Lynx players looked like a loose bunch 7 ½ hours before their playoff opener Wednesday. They concluded their morning workout with a shooting contest from half court, laughing and oohing after each miss.
Naturally, Maya Moore won the competition by being the first player to make from that distance. Does she ever lose at anything?
“We’re just confident,” Moore said of the relaxed mood. “We know who we are.
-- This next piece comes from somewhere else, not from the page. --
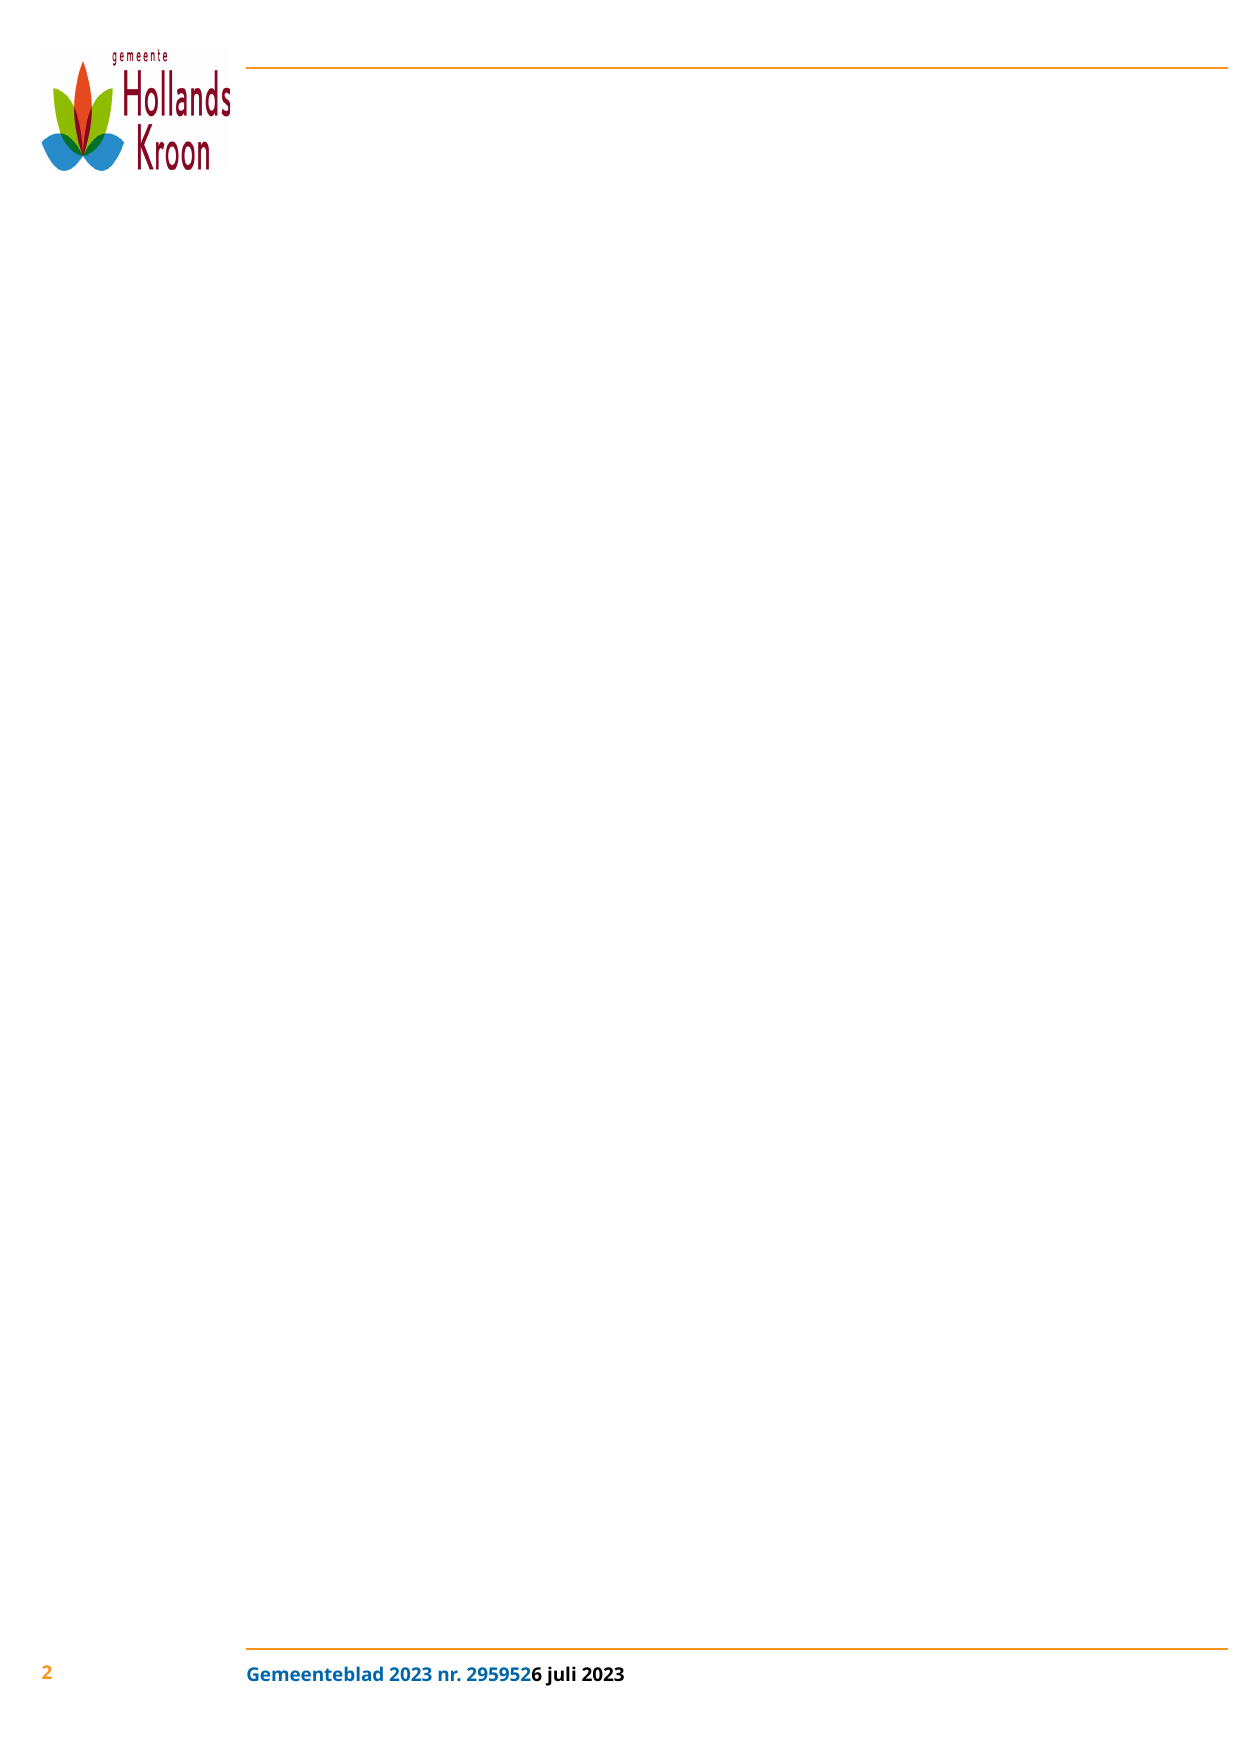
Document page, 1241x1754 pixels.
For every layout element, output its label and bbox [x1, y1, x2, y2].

When you don’t know who you are, you might be a little anxious.”
The Lynx reminded everyone who they are by returning from a 10-day hiatus to overwhelm the Phoenix Mercury 113-95 in Game 1 of the WNBA semifinals.
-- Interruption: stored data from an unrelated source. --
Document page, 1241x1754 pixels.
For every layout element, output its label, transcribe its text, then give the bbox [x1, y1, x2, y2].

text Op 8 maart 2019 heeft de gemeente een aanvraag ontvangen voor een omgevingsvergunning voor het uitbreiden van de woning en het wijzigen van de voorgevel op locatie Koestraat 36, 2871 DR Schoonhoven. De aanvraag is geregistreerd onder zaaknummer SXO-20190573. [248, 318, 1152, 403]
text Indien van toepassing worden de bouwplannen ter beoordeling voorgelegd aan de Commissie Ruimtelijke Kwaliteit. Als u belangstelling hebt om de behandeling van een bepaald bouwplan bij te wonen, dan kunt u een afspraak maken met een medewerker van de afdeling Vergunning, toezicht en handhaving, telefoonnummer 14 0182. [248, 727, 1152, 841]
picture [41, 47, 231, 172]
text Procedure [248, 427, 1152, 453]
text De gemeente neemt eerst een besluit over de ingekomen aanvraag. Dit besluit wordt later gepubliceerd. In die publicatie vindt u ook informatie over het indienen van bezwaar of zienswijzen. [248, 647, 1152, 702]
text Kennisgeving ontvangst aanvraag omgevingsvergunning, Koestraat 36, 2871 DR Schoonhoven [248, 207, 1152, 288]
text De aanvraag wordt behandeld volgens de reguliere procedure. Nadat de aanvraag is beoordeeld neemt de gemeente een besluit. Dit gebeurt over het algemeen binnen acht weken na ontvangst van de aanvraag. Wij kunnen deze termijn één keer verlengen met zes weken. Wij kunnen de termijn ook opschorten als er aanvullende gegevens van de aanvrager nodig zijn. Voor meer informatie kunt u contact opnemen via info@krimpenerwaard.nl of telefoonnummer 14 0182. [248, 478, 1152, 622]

It’s only one game, one win, but the Lynx looks primed to make another championship run.
Playing across town in their temporary home, Xcel Energy Center, the Lynx showed no signs of rust. No signs of nerves as defending champions. No signs of anything other than being locked in and focused on finishing a task.
“They pretty much dominated us in every facet of the game,” Mercury star Diana Taurasi said.
The Lynx can conquer opponents a variety of ways. They’re deep in talent, especially at guard. They have one of the best players in the world in Moore. Their frontcourt is tough, physical.
And their championship pedigree makes them supremely confident.
“I think focus is the biggest thing when it comes to sustaining greatness,” Moore said. “You have to be able to block out all the things that can distract you and focus on the things that matter.”
The Lynx scored 91 points in three quarters by making 63 percent of their shots. Felt like 90 percent with how easy they made it look.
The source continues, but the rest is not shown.